View Single Post
  #20  
Old 03-24-2013, 02:19 AM
jessieblood jessieblood is offline
Little Boo
 
Join Date: Mar 2013
Location: Missoula, MT
Posts: 9
Quote:
Originally Posted by Mr. Dark View Post
Well that's the thing right there, we still haven't found distribution. Reading the how to make a movie books starting out they all made it sound easy, like you just shoot the thing, go to a market, and stand at a table and wait for the offers. But guess what, ever film festival in the country is showing the same 6 movies as Sundance, and those movie markets don't even really exist. Half the distribution companies you enquire with aren't even in business anymore, and the other half are full up.

I'm not saying it is hopeless, but you do have to be prepared in filmmaking for the possibility of bankrupting yourself and giving up everything important in your life to make a movie, only to have no one have a way to see it.

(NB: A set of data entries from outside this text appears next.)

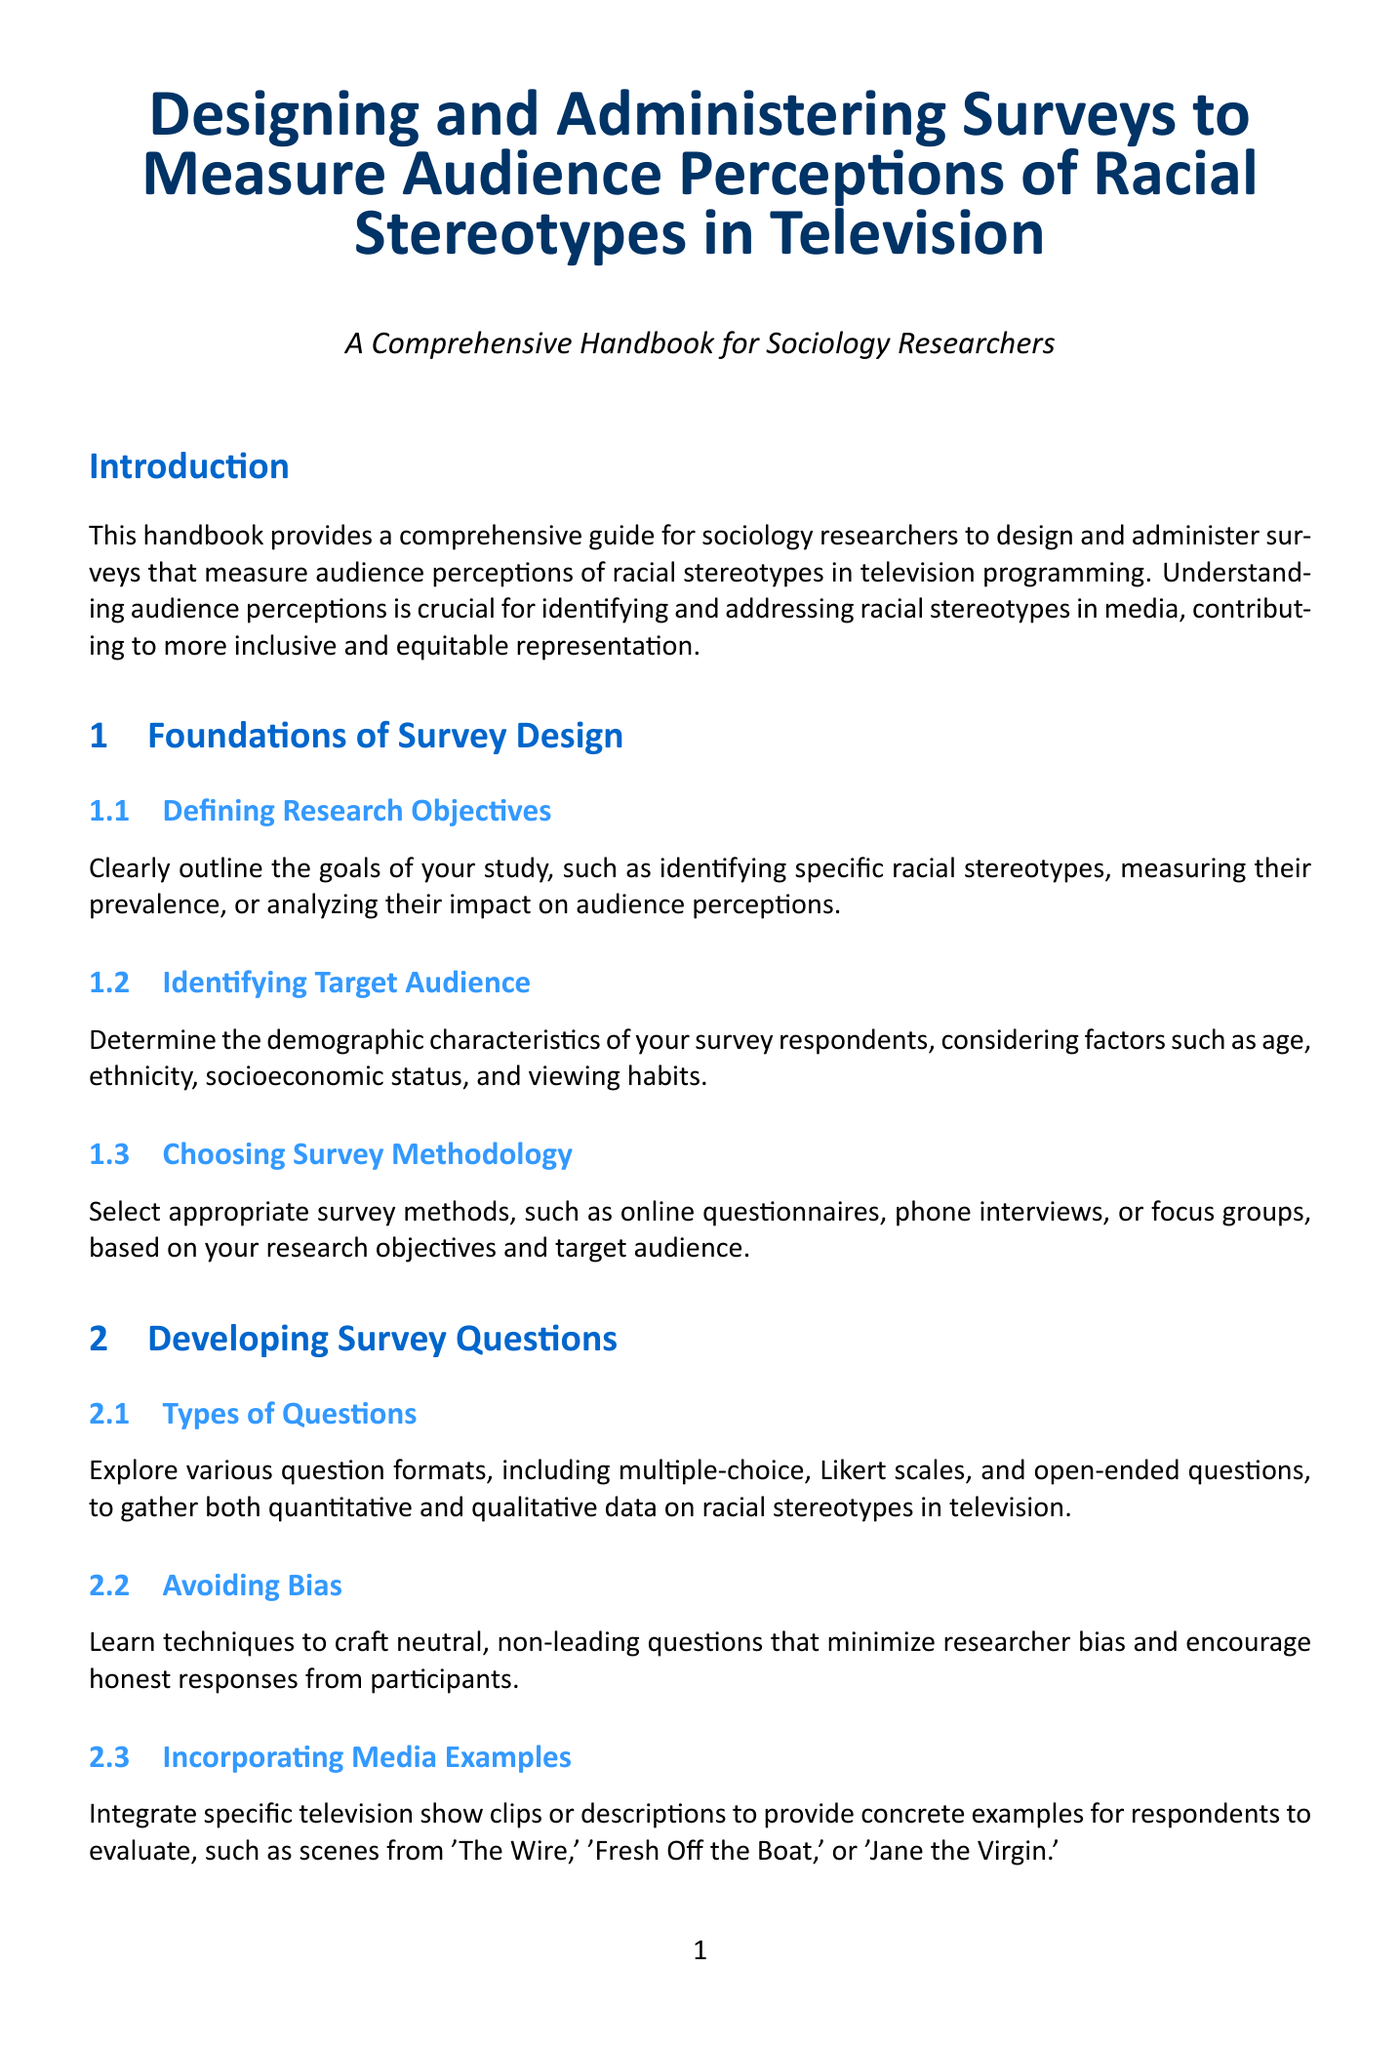what is the title of the handbook? The title is stated in the beginning section of the document and is a comprehensive description of its content.
Answer: Designing and Administering Surveys to Measure Audience Perceptions of Racial Stereotypes in Television what are the three types of sampling methods mentioned? The document explains different sampling techniques under survey administration.
Answer: probability, non-probability, stratified random sampling how long should the survey aim to be completed? The recommended survey completion time is specified to maintain engagement.
Answer: 15-20 minutes what is the purpose of including media examples in the survey? The document explains the significance of integrating media examples within survey questions for clarity.
Answer: provide concrete examples for respondents what is one analytical method mentioned for quantitative analysis? The document lists specific statistical methods for analyzing survey data, providing multiple options.
Answer: chi-square tests which chapter covers ethical considerations? The content on ethical considerations is organized under a specific chapter in the document.
Answer: Chapter 5 how many appendices are included in the document? The document provides a summary of its structure, including appendices at the end.
Answer: 3 what is the focus of Chapter 2? This chapter has a specific aim in guiding the creation of survey questions and formats.
Answer: Developing Survey Questions what is one tool suggested for data visualization? The document lists various tools available for creating data visualizations in research reporting.
Answer: Tableau 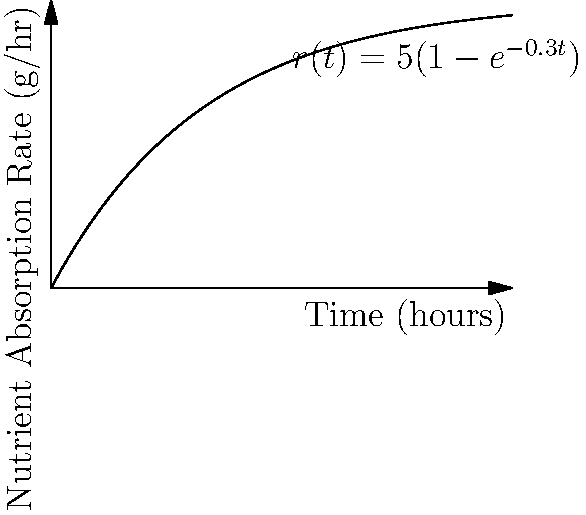The graph shows the rate of nutrient absorption $r(t)$ in grams per hour as a function of time $t$ in hours after ingestion. The function is given by $r(t) = 5(1-e^{-0.3t})$. At what time is the rate of change of nutrient absorption exactly 1 g/hr²? To solve this problem, we need to follow these steps:

I have seen the problem you are talking about here with Distribution companies. What I have seen done is self-Distribution, Net, Horror film festivals booths, independent video stores and some non-independent stores, ads in horror mags, websites, screenings. I find a lot of films that way, however, down side is; no Money. This dose take money, you are somewhat making a mom and pop distribution company, that is starting on the right foot, you know your limit. However, you could put a ton of work into advertising working to get your film out there and have nothing to show for it. I shudder to think of all the indy films that are awesome that I will never get to see because the film market is a hard thing to bust into. Getting your work out is easy, youtube, facebook... etc, its hard to remake the money you have put into it a film when you have to build the advertising foundation, for your film. That's why you should look at it more like you are building a small business, learning, slowly growing something, that has the potential to bring in the money but knows it's limit and knowlage of the film world. There are people like me filmmaker/fans who look for and seeks movies like yours, it may not pull the millions and millions that a big budget movies dose, but it builds a fan base if the passion is there and the script is good. This is why indy filmmakers should always budget for a small amount of avertising for pushing there film into the market if they do not find a distribution company.
__________________
Jessieblood, Blood, Guts and gore is the name of the game, after a good story.

Last edited by jessieblood; 03-24-2013 at 02:56 AM.